Whenever a line in the listing contains "roll", copy that line.
--- Dataset records Enclosed Below ---
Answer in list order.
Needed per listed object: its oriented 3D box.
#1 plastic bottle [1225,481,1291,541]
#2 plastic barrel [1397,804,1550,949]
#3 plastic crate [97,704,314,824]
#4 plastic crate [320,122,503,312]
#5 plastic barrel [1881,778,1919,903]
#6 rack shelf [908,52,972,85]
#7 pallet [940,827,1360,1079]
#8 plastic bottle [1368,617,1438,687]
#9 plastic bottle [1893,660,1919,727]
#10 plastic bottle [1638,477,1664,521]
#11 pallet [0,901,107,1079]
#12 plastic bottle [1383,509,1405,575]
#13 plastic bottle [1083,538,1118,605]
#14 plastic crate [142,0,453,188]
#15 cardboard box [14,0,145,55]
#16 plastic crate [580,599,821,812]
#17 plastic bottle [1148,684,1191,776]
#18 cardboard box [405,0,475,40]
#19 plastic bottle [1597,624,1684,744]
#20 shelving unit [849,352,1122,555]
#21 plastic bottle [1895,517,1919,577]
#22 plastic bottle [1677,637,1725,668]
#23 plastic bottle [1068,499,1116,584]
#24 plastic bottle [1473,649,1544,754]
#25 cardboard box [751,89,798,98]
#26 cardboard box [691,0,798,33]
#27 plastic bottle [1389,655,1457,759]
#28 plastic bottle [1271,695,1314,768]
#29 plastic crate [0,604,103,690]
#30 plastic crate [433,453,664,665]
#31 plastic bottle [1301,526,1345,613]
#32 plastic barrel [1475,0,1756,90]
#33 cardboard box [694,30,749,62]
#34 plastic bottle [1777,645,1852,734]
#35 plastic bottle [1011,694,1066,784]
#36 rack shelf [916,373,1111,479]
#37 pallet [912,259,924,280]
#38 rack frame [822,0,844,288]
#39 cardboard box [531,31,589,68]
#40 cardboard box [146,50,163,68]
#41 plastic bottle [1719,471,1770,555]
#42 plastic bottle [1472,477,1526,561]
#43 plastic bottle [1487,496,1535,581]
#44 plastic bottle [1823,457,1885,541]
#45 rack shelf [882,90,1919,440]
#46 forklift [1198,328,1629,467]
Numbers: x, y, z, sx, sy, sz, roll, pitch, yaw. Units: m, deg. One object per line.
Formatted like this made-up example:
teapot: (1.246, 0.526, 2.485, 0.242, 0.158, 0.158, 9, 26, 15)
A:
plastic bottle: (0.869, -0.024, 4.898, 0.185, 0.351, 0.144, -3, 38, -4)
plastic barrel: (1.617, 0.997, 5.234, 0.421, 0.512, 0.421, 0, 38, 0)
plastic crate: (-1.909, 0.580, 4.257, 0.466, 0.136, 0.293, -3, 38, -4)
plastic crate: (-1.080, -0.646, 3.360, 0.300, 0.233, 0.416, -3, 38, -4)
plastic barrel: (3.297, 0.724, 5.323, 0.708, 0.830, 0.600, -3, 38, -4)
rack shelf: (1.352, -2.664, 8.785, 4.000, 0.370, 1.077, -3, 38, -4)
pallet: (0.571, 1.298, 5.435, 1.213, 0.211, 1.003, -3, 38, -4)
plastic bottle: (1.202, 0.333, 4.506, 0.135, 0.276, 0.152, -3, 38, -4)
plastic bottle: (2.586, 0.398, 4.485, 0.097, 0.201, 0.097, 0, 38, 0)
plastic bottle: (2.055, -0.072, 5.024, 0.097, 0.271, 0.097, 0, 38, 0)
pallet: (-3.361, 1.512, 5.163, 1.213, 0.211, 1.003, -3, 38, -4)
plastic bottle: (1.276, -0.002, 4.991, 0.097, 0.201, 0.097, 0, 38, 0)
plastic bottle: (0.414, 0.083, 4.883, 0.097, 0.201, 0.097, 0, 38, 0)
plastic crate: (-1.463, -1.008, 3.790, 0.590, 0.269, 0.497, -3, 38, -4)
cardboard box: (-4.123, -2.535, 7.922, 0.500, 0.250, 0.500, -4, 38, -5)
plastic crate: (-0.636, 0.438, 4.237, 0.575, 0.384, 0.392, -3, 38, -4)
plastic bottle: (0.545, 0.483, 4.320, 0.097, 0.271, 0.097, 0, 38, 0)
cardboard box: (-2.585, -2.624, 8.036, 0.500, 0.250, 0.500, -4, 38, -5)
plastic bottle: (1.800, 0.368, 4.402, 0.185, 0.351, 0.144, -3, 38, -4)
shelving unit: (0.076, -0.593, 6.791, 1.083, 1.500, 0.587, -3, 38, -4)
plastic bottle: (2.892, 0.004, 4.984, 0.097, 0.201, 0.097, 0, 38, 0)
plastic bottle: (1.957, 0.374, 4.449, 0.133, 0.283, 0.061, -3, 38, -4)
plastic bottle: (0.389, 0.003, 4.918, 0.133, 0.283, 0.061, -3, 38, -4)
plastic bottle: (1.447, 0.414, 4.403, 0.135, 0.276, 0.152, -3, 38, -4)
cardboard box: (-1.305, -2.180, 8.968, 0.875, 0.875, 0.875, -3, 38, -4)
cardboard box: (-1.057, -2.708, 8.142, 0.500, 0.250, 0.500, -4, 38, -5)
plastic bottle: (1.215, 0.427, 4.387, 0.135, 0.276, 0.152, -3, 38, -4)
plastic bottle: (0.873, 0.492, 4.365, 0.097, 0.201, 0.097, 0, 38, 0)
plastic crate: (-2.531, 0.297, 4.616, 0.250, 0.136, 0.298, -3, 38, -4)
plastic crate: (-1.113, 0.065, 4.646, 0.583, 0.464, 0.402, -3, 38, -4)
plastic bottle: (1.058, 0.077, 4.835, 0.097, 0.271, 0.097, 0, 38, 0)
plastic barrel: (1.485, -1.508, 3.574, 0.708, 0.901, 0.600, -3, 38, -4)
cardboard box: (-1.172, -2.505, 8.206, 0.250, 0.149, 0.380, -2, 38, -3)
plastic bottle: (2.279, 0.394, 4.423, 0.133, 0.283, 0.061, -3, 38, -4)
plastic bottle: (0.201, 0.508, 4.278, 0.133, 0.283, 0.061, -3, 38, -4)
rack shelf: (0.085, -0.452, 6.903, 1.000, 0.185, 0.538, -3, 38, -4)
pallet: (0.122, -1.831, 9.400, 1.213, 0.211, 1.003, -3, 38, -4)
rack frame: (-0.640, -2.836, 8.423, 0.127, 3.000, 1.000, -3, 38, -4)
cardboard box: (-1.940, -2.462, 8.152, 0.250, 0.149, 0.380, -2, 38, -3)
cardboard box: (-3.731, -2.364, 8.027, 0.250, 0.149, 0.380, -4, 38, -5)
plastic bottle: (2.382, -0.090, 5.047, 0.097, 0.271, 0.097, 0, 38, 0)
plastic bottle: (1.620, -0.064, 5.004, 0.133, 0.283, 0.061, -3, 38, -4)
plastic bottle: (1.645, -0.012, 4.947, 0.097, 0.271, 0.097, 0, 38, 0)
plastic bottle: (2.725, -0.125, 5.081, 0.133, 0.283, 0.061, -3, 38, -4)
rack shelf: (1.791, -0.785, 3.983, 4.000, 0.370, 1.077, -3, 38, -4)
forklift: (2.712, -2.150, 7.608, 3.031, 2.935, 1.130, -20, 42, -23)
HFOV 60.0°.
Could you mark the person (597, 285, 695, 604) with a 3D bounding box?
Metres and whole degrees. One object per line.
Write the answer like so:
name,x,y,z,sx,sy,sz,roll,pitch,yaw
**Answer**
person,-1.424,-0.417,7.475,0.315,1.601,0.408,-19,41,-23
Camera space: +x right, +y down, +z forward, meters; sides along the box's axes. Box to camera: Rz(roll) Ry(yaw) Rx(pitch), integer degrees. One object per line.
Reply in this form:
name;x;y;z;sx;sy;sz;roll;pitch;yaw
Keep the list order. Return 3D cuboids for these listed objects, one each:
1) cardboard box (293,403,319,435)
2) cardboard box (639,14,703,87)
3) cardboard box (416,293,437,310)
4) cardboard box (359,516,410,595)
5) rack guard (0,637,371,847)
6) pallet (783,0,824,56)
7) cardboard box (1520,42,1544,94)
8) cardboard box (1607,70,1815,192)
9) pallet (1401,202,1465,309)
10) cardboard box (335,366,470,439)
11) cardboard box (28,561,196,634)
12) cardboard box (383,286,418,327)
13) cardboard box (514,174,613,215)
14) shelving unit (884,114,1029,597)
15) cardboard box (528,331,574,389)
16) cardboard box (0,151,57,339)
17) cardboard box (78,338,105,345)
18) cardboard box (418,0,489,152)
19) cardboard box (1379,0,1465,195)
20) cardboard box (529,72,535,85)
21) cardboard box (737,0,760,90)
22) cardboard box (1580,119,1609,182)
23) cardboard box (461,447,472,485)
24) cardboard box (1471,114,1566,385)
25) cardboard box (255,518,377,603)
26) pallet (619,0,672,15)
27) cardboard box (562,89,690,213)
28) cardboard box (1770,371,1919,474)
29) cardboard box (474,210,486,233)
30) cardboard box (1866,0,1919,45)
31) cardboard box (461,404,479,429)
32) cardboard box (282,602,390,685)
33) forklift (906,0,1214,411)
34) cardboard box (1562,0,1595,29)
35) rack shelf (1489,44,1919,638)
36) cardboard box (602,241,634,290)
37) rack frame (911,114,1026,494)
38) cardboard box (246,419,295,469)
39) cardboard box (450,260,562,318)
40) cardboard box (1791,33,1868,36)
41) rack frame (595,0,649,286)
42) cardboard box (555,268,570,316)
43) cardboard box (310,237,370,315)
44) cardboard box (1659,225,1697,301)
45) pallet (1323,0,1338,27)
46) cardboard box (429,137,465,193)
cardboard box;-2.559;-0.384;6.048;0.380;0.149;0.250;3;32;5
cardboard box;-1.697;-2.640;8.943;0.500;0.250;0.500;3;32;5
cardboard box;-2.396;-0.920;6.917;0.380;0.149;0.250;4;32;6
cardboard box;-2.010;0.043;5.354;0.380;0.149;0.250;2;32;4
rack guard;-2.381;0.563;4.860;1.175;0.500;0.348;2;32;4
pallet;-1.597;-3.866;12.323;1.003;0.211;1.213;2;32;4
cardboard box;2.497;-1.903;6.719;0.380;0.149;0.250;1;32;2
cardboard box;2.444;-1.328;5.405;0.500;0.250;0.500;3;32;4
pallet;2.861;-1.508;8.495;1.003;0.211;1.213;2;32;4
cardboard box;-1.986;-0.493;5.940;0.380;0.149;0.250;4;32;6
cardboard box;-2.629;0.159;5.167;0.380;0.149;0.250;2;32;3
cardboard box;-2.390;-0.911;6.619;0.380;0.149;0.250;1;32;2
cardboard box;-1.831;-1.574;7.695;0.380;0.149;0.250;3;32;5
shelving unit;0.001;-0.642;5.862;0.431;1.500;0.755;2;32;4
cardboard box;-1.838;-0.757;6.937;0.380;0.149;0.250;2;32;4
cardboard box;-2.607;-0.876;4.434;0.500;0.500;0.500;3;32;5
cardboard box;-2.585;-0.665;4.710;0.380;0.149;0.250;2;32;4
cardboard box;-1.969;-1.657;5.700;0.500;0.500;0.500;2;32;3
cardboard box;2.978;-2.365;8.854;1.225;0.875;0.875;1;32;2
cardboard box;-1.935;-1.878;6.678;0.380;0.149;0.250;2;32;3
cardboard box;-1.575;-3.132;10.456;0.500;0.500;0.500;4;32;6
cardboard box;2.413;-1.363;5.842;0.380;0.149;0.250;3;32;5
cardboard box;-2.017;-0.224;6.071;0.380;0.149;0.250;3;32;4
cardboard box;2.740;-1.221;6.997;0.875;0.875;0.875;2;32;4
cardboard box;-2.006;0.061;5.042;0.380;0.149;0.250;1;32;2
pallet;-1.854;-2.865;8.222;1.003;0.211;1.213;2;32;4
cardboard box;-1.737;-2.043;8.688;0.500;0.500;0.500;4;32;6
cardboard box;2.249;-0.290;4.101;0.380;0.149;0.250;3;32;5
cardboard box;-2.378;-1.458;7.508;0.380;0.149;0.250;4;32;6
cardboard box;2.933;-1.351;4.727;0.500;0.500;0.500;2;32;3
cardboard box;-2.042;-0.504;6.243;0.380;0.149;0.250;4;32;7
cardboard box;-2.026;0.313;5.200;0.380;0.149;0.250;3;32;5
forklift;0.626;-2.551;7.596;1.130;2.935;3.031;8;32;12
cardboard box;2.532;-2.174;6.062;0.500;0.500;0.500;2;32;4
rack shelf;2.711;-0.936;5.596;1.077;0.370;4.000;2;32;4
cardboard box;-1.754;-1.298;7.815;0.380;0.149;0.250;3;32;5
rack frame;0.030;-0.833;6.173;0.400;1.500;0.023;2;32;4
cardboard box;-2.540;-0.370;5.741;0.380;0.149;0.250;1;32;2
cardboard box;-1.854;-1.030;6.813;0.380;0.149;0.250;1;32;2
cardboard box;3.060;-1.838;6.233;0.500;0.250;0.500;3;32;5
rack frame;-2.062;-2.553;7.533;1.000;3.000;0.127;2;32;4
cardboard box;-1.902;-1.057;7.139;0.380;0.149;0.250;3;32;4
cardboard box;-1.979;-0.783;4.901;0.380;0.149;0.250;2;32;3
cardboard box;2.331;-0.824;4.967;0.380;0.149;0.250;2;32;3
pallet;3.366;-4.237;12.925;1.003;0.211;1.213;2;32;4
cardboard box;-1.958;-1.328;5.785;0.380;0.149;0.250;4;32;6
--- End of Enclosed Dataset records ---
Response to this task →
Numbers: x, y, z, sx, sy, sz, roll, pitch, yaw. Units: m, deg. One object per line.
name,x,y,z,sx,sy,sz,roll,pitch,yaw
Camera space: +x right, +y down, +z forward, meters; sides along the box's axes. Box to camera: Rz(roll) Ry(yaw) Rx(pitch), integer degrees. One object per line.
name;x;y;z;sx;sy;sz;roll;pitch;yaw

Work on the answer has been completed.